Now make the drop happen a few blocks away, but within sight of the waiting crowd, so they can see it and know where to go. Watch the deadly stampedes from your helicopter and laugh your ass off.

Alternative: make the drop too far away to see, but Tweet the new location right when it happens. Watch the stampedes for the trains and taxis as people rush to the new location.

^ When the Pittsburgh Pirates won the World Series in 1971, I was thirteen. My dad took me downtown to see the “celebration”. People in an office building were dropping huge amounts of confetti, with dollar bills dispersed in each drop. We managed to get out of the area of pandemonium without injury.

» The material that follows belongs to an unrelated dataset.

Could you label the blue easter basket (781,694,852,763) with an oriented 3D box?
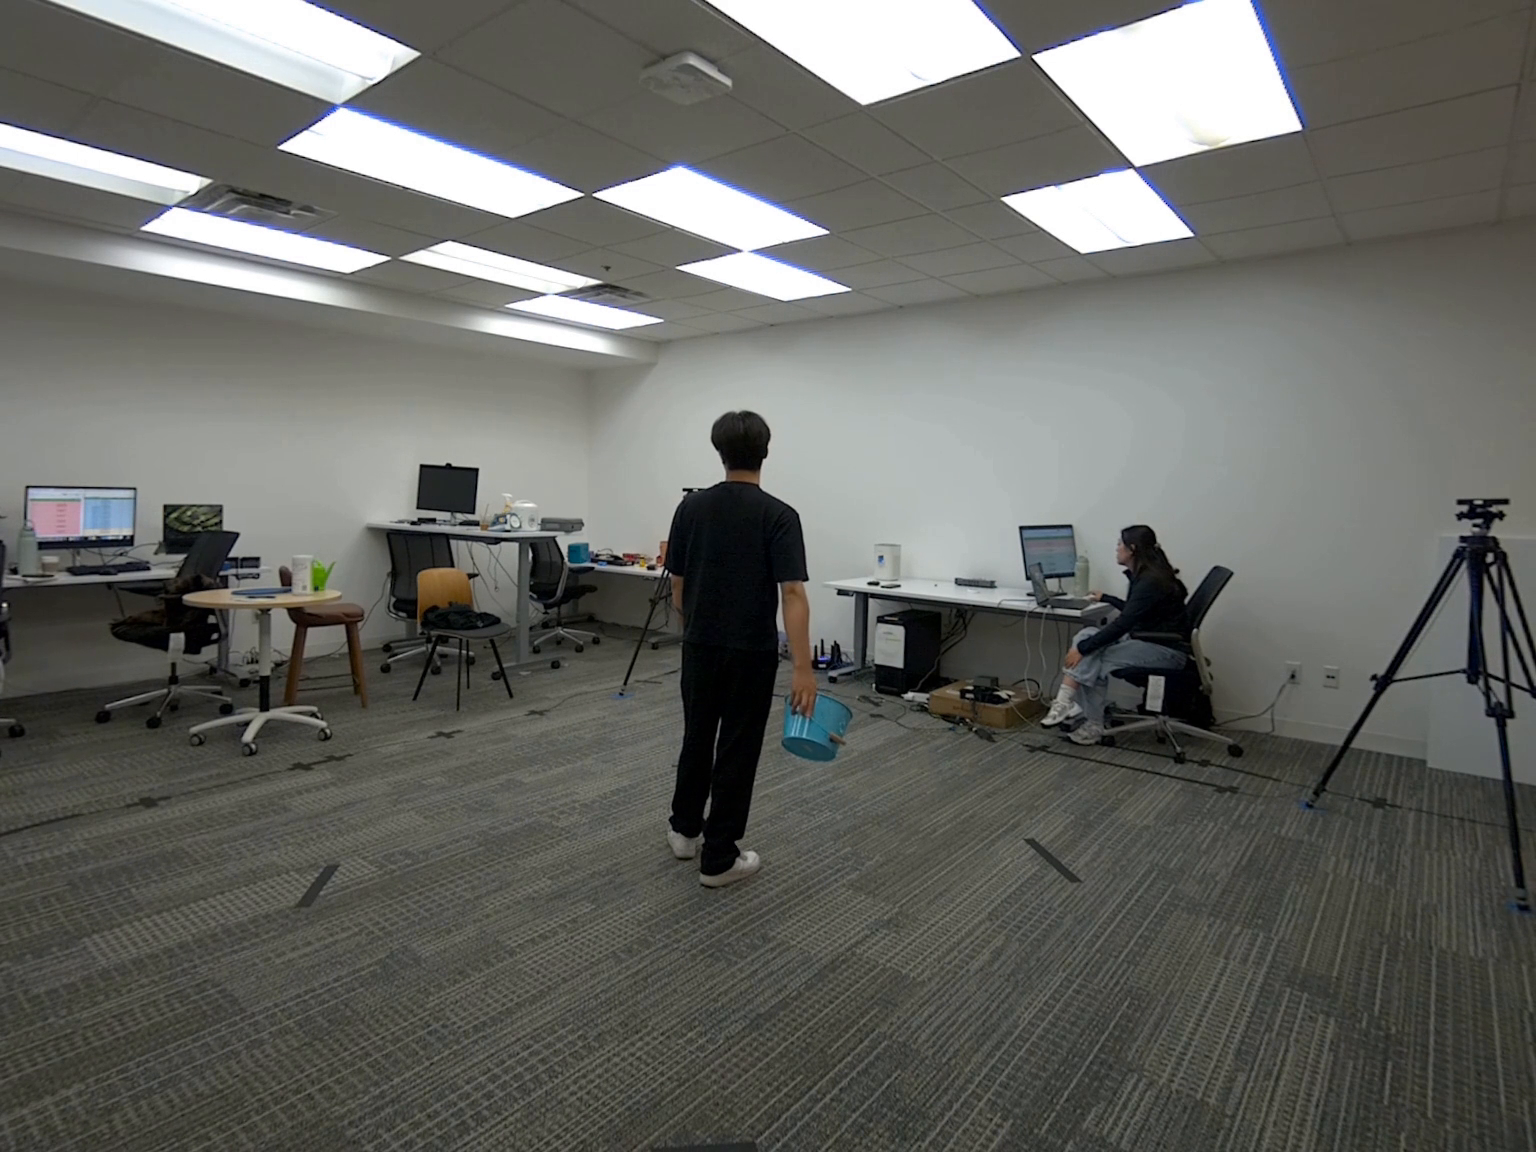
[{"bbox_3d":[0.145,0.496,2.819,0.246,0.158,0.237,14,-31,7],"label":"blue easter basket"}]

Somebody in South Carolina won the jackpot.

Darn it.

Oh, well, it was fun fantasizing.

Probably for the best. I daydream about winning (and yes, I buy tickets now and then), but sometimes I worry about winning and how it might fuck up my life. The stories of lottery winners whose lives became train wrecks are all over the place:

Here’s How Winning the Lottery Makes You Miserable

20 lottery winners who lost every penny

What Becomes of Lottery Winners?

Dioramas? I’m going to reshoot all of my favorite movies, with much better production values, by all the best directors, and starring ME.

Wait, a billion dollars is only going to allow doing maybe one movie. Hm, better pick the right one…

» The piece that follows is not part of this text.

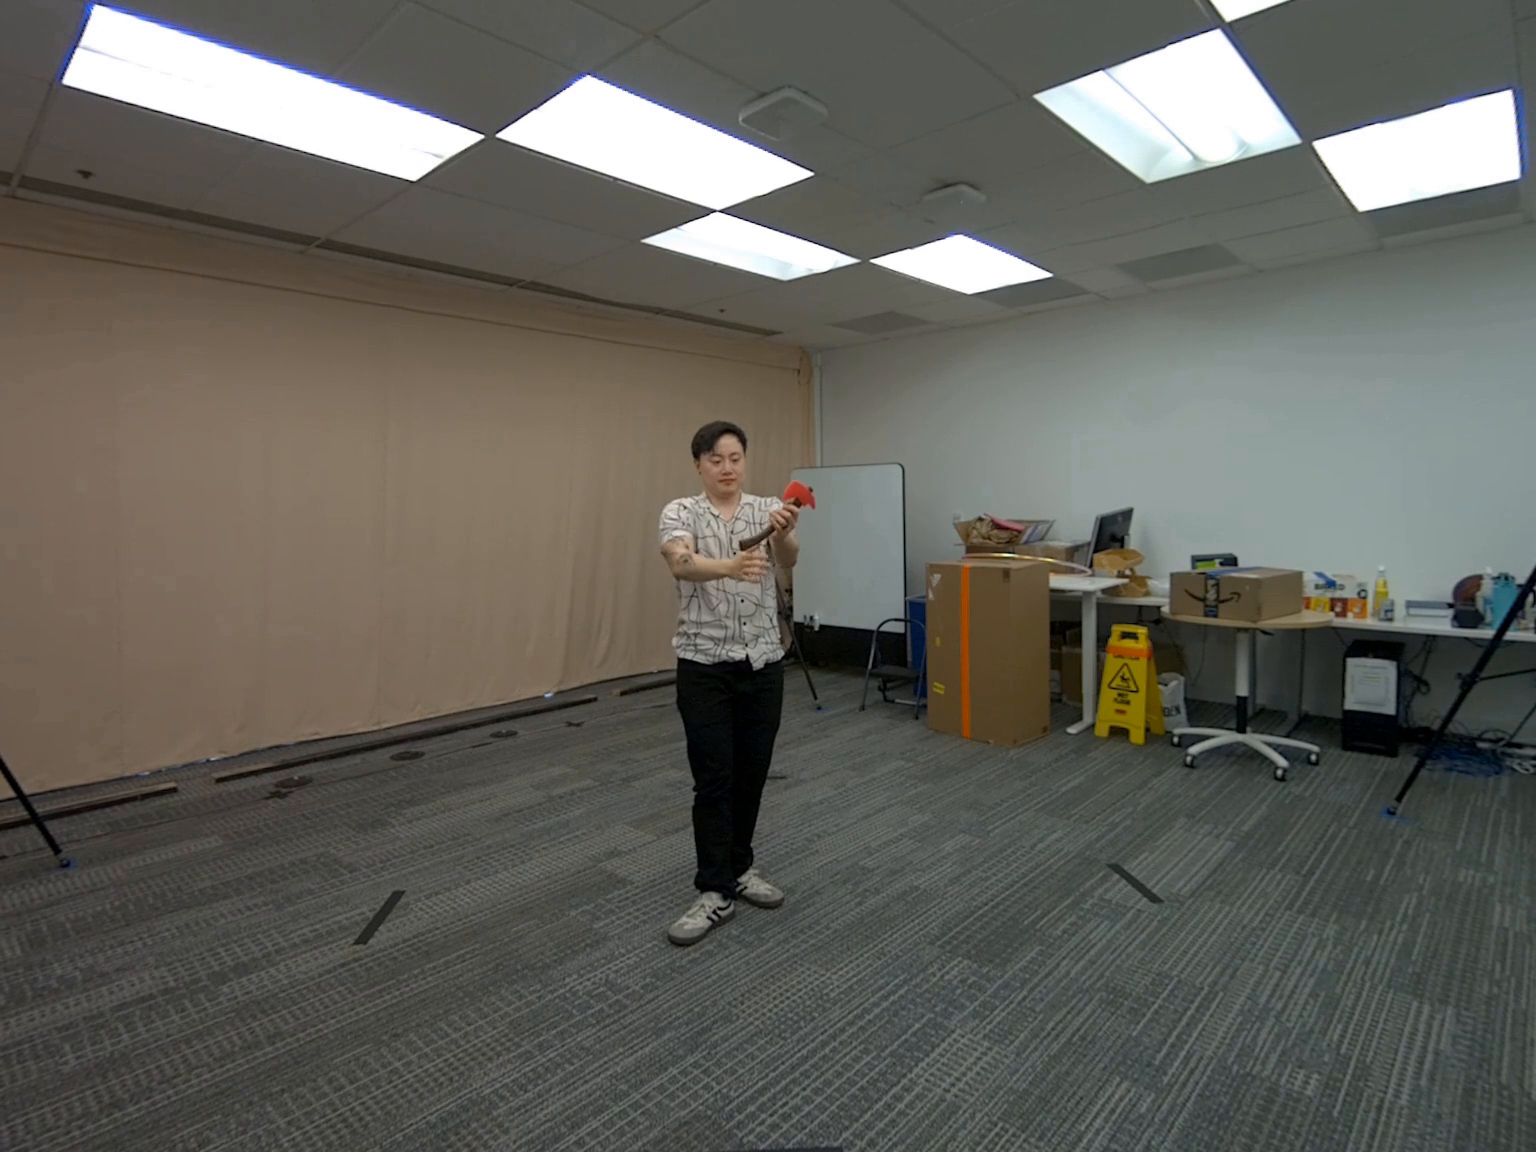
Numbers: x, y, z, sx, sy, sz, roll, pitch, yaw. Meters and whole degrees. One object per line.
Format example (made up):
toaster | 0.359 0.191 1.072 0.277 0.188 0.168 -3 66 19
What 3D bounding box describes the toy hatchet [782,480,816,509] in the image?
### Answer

Or live with the production values, and only reshoot the scenes involving your character. Then you could probably pay for three or four of them.

It’s just about careful management. My plan would be to set aside a minimum that would be rock solid safe even if everything else went wrong, something more than enough to comfortably live on, even if it meant downgrading from absurd luxury (though for me, just having a nice view from a balcony is a luxury). Beyond that, have some set aside for charitable things, and some set aside for ridiculous excess. All carefully looked after by trustworthy money managers.

It’s one thing to make sure your money is well-managed so it doesn’t run out. But there’s more.

Can you handle all the relatives who will be coming out of the woodwork looking for a piece of your wealth?

Can you put adequate security measures in place to assure that criminals don’t threaten your safety (less of a problem in states that allow you to anonymously claim your prize)? Can you live with the kinds of restrictions required by that security?

Can you live a fulfilling life now that you don’t have to work 9-5 to earn a living? If you retire from your job, your connections with your old coworkers will quickly fade. If you dramatically change your lifestyle such that you have less in common with them and your other friends, the connections will fade that much more quickly. Are you the kind of person who can find and nurture other social connections easily?

Suppose you have children, nieces and nephews who are just starting their professional careers. Do you give each of them a million after-tax dollars? What would a million dollars do to their lives? If they’re smart, they’ll invest it all and be able to retire very comfortably at 50. But maybe they’re not so smart. Will it cause them problems? You’re sitting on several hundred million dollars. How will they feel about you if you don’t give them anything?

TL,DR: a massive windfall inevitably changes your relationship with the rest of the universe. Are you the kind of person who can thrive with a new/different set of liberties and restrictions, or not?

I am more than willing to try.

I’d rather have the problems of having a lot of money than struggling with the problems of not having any money.

You know what they say: money buys a better quality of misery.